7. Vanishing Gradient
One of the other issues that often occurs while training the neural network models is that the gradients are so small that it almost seems like it vanished. The logic behind vanishing gradient is that when we find the derivative of the error with respect to the coefficients of the nodes then by the rule of backpropagation we can denote that it is the product of all the derivatives by the chain rule calculated at the node in the corresponding path to the output.
These derivatives are derived from sigmoid function so they are already very small, and the products of these small numbers is even tinier. This tiny gradient makes the descent very difficult and slow. So its possible that we might never be able to reach a ceratin level of minimum value or else the time taken to reach a minima is way too high.
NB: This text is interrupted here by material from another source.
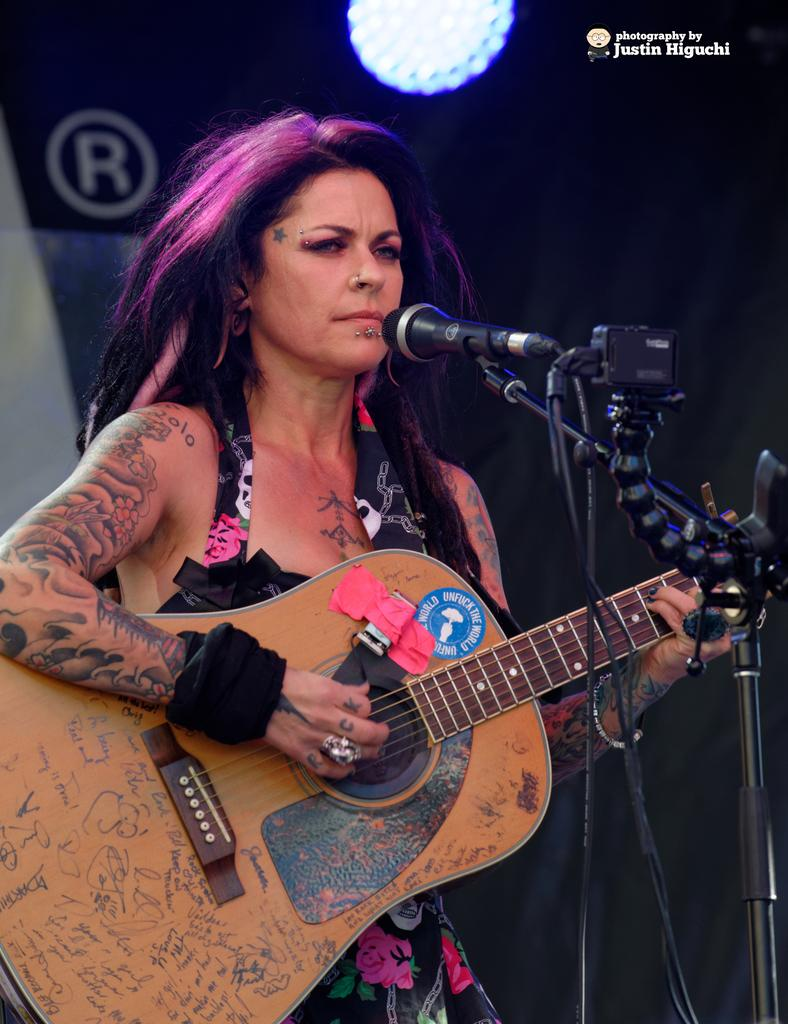Who is the main subject in the image? There is a woman in the image. What is the woman holding in the image? The woman is holding a guitar. What object is in front of the woman? There is a microphone (mic) in front of her. What type of plough is the woman using in the image? There is no plough present in the image; it features a woman holding a guitar and standing in front of a microphone. 
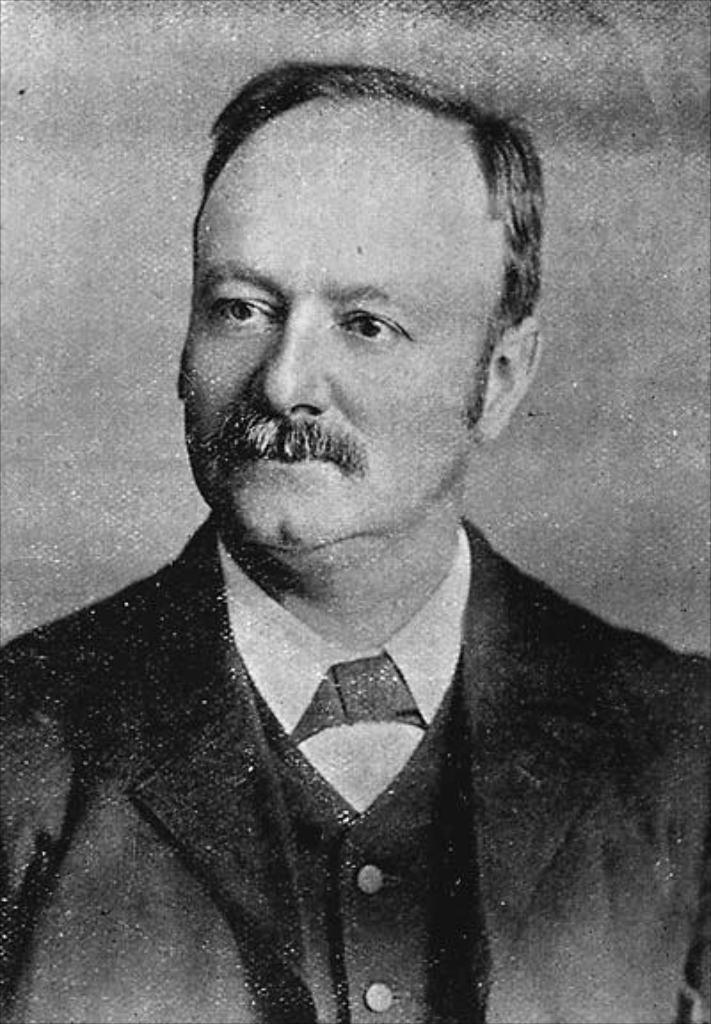What is the main subject of the image? There is a picture of a man in the image. What can be said about the color scheme of the image? The image is black and white in color. How many lizards can be seen crawling on the car in the image? There is no car or lizards present in the image; it features a picture of a man in black and white.

One of the ways that we can avoid vanishing gradients is using a different type of activation function. Activation functions such as Hyperbolic Tangent function or a Rectified Linear Unit activation function are often used.
The range of values a sigmoid fucntion can return is from 0 to 1 while the tanh() function can return a range of values from -1 to 1, which in turn denotes that the deivatives for such fucntion will also be slightly larger than the derivatives of sigmoid fucntion.
relu() on the other hand denotes that it will return a positive value as it is while if the result is negative it returns 0. The derivaties always gives 1 for positive numbers. It barely breaks linearity but provides better and complex non linear solutions without sacrificing much accuracy.
There are further more issues that one might come across while training their model. It is important to check for above issues and look out for more. A successful model training needs thorough knowledge of the dataset one is handling and working upon.